- [PROBLEM STATEMENT] Reproduce every entry below precisely; do not include the pictures.

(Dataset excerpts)
»»

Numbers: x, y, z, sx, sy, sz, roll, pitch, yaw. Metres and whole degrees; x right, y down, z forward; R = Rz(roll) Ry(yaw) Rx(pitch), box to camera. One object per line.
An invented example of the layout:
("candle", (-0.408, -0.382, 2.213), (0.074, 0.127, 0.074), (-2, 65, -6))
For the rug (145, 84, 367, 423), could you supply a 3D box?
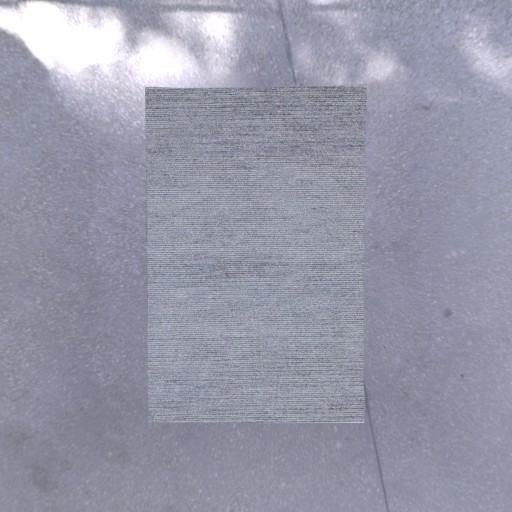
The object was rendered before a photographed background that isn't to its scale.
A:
("rug", (0.000, 0.000, 2.337), (1.159, 0.021, 1.789), (0, 92, 0))
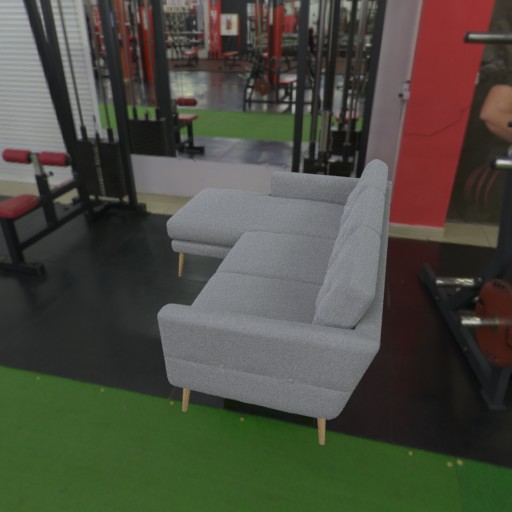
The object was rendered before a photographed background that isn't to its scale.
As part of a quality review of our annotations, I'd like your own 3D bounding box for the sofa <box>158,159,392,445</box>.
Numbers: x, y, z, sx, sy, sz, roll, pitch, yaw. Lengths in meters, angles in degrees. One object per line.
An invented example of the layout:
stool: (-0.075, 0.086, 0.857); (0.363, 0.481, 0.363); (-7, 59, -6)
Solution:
sofa: (0.000, 0.000, 2.764); (1.530, 0.860, 2.040); (8, 29, 14)
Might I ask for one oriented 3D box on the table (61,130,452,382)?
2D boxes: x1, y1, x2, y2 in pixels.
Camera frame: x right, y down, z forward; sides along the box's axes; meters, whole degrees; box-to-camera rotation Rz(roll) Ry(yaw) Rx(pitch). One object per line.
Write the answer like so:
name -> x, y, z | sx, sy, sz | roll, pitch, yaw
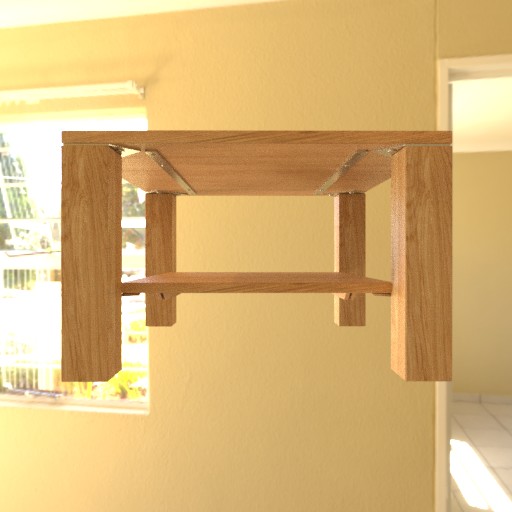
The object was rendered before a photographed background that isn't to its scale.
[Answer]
table -> 0.000, 0.000, 1.141 | 0.700, 0.450, 0.700 | 0, 0, 0

««

- [RESPONSE TO THE EXERCISE]
Numbers: x, y, z, sx, sy, sz, roll, pitch, yaw. Metres and whole degrees; x right, y down, z forward; R = Rz(roll) Ry(yaw) Rx(pitch), box to camera. One object per line.
An invented example of the layout:
("candle", (-0.408, -0.382, 2.213), (0.074, 0.127, 0.074), (-2, 65, -6))
For the rug (145, 84, 367, 423), could you supply a 3D box?
The object was rendered before a photographed background that isn't to its scale.
A:
("rug", (0.000, 0.000, 2.337), (1.159, 0.021, 1.789), (0, 92, 0))
The object was rendered before a photographed background that isn't to its scale.
As part of a quality review of our annotations, I'd like your own 3D bounding box for the sofa <box>158,159,392,445</box>.
Numbers: x, y, z, sx, sy, sz, roll, pitch, yaw. Lengths in meters, angles in degrees. One object per line.
An invented example of the layout:
stool: (-0.075, 0.086, 0.857); (0.363, 0.481, 0.363); (-7, 59, -6)
Solution:
sofa: (0.000, 0.000, 2.764); (1.530, 0.860, 2.040); (8, 29, 14)
Might I ask for one oriented 3D box on the table (61,130,452,382)?
2D boxes: x1, y1, x2, y2 in pixels.
Camera frame: x right, y down, z forward; sides along the box's axes; meters, whole degrees; box-to-camera rotation Rz(roll) Ry(yaw) Rx(pitch). One object per line.
Write the answer like so:
name -> x, y, z | sx, sy, sz | roll, pitch, yaw
The object was rendered before a photographed background that isn't to its scale.
[Answer]
table -> 0.000, 0.000, 1.141 | 0.700, 0.450, 0.700 | 0, 0, 0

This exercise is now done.